Does this OM have a wife or gf? Exposé to her too.
_Posted via Mobile Device_


----------



## the guy (Aug 3, 2010)

I suggest you start acting like you want to let her go, the perception of confidence in you willing to move on with out her may get her to think twice about what she is about to lose.
So stop begging for your marriage and distance your self from her.

First and for most is until OM is completely out of the picture you are in a losing battle. So start making this affair as inconvienent and as uncomfortable as possible by exposing it and filing for divorce..

I know I know thats the last thing you want to do, but until she sees the real consequences to her actions she will continue. Remember filing and having her served is completely different then when the divorce is finalized. There is a waiting period and during this waiting period your cheating wife may come turn a corner and work on the marriage.

Your wife is cake eating here and until you stop tolorating it by doing a 180 and filing she wil continue. The point to this tough love approach is to get her to think twice about her choices. Once she starts to second guess her dicisions and the affair become to complicated for her she may come back.

Your soft approach right now is not changing anything for your wife, she has it made and there is no reason for her to do anything different. So piss her off, her anger will be a good sign that her affair is not the fantasy she thinks it is and there will be consequences if it continues.

Can you see that you need to make some change in your self with how your wayward wife sees you?


----------



## bryanp (Aug 25, 2011)

No consequences to her actions equals no motivation to change. Your wife clearly has no respect for you whatsoever. If you do not respect yourself then who will?


----------



## TDSC60 (Dec 8, 2011)

Wife??? I didn't see where you were married.
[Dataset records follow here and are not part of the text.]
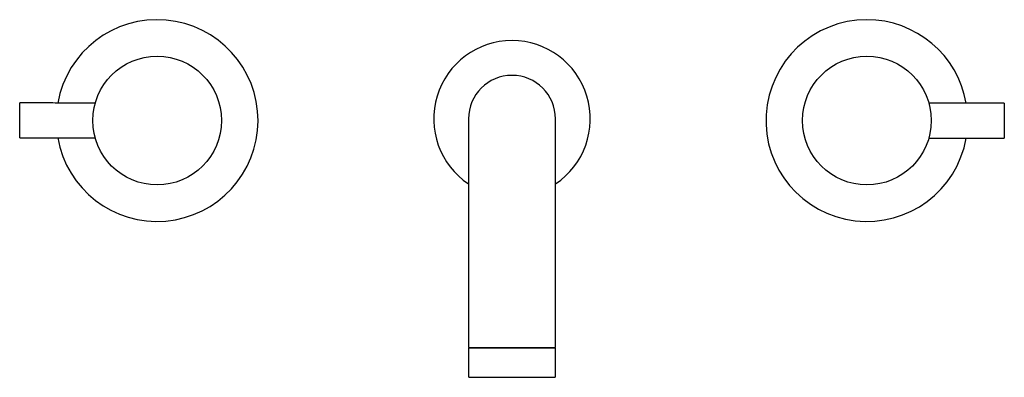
# Model space of a CAD drawing. Header units: millimetres. Extents: x 4289.601 to 4289.884, y 1740.021 to 1740.124.
import ezdxf

# ---------------------------------------------------------------- set-up
doc = ezdxf.new("R2010")
doc.units = ezdxf.units.MM
doc.layers.add('SANINDUSA', color=3, linetype='Continuous')

msp = doc.modelspace()

# ---------------------------------------------------------------- linework, layer by layer
at = {"layer": 'SANINDUSA'}
for p, q in [((4289.730200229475, 1740.095649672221), (4289.730200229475, 1740.038149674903)), ((4289.755200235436, 1740.038149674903), (4289.755200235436, 1740.095649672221)), ((4289.742700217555, 1740.02983550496), (4289.730200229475, 1740.02983550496)), ((4289.755200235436, 1740.02983550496), (4289.742700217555, 1740.02983550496))]:
    msp.add_line(p, q, dxfattribs=at)
at = {"layer": 'SANINDUSA', "flags": 128}
for points in [[(4289.601192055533, 1740.090214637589), (4289.601192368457, 1740.090400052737), (4289.601193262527, 1740.090942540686), (4289.601194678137, 1740.091801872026), (4289.601196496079, 1740.092914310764), (4289.601198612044, 1740.094197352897), (4289.601200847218, 1740.095555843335), (4289.601203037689, 1740.096889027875), (4289.601205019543, 1740.098098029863), (4289.601206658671, 1740.099093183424), (4289.601207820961, 1740.099800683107), (4289.601208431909, 1740.100168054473), (4289.601208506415, 1740.100214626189)], [(4289.884206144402, 1740.100102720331), (4289.884205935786, 1740.099917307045), (4289.884205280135, 1740.099374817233), (4289.884204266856, 1740.098515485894), (4289.884202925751, 1740.097403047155), (4289.884201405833, 1740.096120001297), (4289.884199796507, 1740.09476151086), (4289.884198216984, 1740.09342832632), (4289.884196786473, 1740.092219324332), (4289.88419559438, 1740.091224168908), (4289.884194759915, 1740.090516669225), (4289.88419431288, 1740.090149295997), (4289.884194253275, 1740.090102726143)]]:
    msp.add_lwpolyline(points, dxfattribs=at)
at = {"layer": 'SANINDUSA'}
for centre, radius in [((4289.64070023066, 1740.095149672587), 0.01849999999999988), ((4289.844700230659, 1740.095149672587), 0.01850000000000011)]:
    msp.add_circle(centre, radius, dxfattribs=at)
for centre, radius, start, end in [((4289.64070023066, 1740.095149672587), 0.02899999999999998, 189.8339660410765, 169.9775823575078), ((4289.844700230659, 1740.095149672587), 0.02899999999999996, 90, 350.0037071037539), ((4289.844700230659, 1740.095149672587), 0.02900000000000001, 9.860090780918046, 90), ((4289.742700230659, 1740.095649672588), 0.02249999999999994, 303.7489885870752, 236.2510114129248), ((4289.742700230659, 1740.095649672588), 0.01250000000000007, 0, 180), ((4289.73045023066, 1740.030085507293), 0.0002500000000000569, 180, 270), ((4289.754950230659, 1740.030085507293), 0.0002500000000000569, 270, 0), ((4289.73045023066, 1740.021585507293), 0.0002499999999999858, 180, 270), ((4289.754950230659, 1740.021585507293), 0.0002499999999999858, 270, 0)]:
    msp.add_arc(centre, radius, start, end, dxfattribs=at)
for points in [[(4289.622896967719, 1740.100178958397), (4289.601208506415, 1740.100214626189)], [(4289.884206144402, 1740.100102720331), (4289.862517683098, 1740.10012849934)], [(4289.601192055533, 1740.090214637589), (4289.622880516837, 1740.090178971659)], [(4289.862505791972, 1740.090128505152), (4289.884194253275, 1740.090102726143)], [(4289.730200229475, 1740.038149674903), (4289.730200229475, 1740.030085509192)], [(4289.755200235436, 1740.030085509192), (4289.755200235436, 1740.038149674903)], [(4289.730200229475, 1740.02983550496), (4289.730200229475, 1740.021585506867)], [(4289.755200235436, 1740.021585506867), (4289.755200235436, 1740.02983550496)]]:
    msp.add_open_spline(points, degree=1, dxfattribs=at)
for points, knots in [([(4289.730450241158, 1740.02983550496), (4289.730489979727, 1740.02983550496), (4289.73057183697, 1740.02983550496), (4289.731253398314, 1740.02983550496), (4289.732383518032, 1740.02983550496), (4289.733976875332, 1740.02983550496), (4289.735935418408, 1740.02983550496), (4289.73813096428, 1740.02983550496), (4289.740414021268, 1740.02983550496), (4289.742700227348, 1740.02983550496), (4289.744986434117, 1740.02983550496), (4289.74726950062, 1740.02983550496), (4289.749465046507, 1740.02983550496), (4289.751423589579, 1740.02983550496), (4289.753016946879, 1740.02983550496), (4289.754147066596, 1740.02983550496), (4289.754828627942, 1740.02983550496), (4289.754910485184, 1740.02983550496), (4289.754950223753, 1740.02983550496)], [0, 0, 0, 0, 0.05825842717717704, 0.1200061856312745, 0.184320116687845, 0.2500002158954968, 0.3156792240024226, 0.3799942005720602, 0.4417419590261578, 0.4999996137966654, 0.5582580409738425, 0.6200057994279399, 0.6843207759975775, 0.7499997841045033, 0.815679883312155, 0.8799938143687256, 0.941741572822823, 1, 1, 1, 1]), ([(4289.730450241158, 1740.021335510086), (4289.730489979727, 1740.021335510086), (4289.73057183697, 1740.021335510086), (4289.731253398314, 1740.021335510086), (4289.732383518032, 1740.021335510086), (4289.733976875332, 1740.021335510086), (4289.735935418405, 1740.021335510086), (4289.738130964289, 1740.021335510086), (4289.740414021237, 1740.021335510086), (4289.741953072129, 1740.021335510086), (4289.742700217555, 1740.021335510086)], [0, 0, 0, 0, 0.116516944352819, 0.2400125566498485, 0.3686405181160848, 0.5000008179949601, 0.6313589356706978, 0.7599889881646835, 0.8834846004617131, 1, 1, 1, 1]), ([(4289.742700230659, 1740.021335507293), (4289.745949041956, 1740.021335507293), (4289.749065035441, 1740.021335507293), (4289.753659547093, 1740.021335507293), (4289.754950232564, 1740.021335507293), (4289.754950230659, 1740.021335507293)], [0, 0, 0, 0, 0.5, 0.5, 1, 1, 1, 1])]:
    msp.add_open_spline(points, degree=3, knots=knots, dxfattribs=at)

doc.saveas('drawing.dxf')

Are you married or just living together?

Regardless, this relationship was doomed from the start. She cheated on her then current boyfriend to start dating you. You move away and she gets pregnant by old HS BF that she never lost contact with. You start banging your Ex. Now she is ready to move on again. She is telling you what she wants you to do and you are going along with it. Master manipulator.

You are both immature and no where near being emotionally able to share in a mutually productive relationship. Now she is moving on with her life. 

You are in love with the IDEA of being a family. What you had with her is not a family (unless you call a male, a female, and a child family). A family is a unit who loves, respects, supports and protects each other. You never had that.

You need to move on.


----------



## Ben Connedfussed (May 4, 2012)

Shaggy said:


> Exposé her to friends and family. She is cheating and lying about why your relationship is over.
> 
> Does this OM have a wife or gf? Exposé to her too.
> _Posted via Mobile Device_


Exposure is the best... and critical!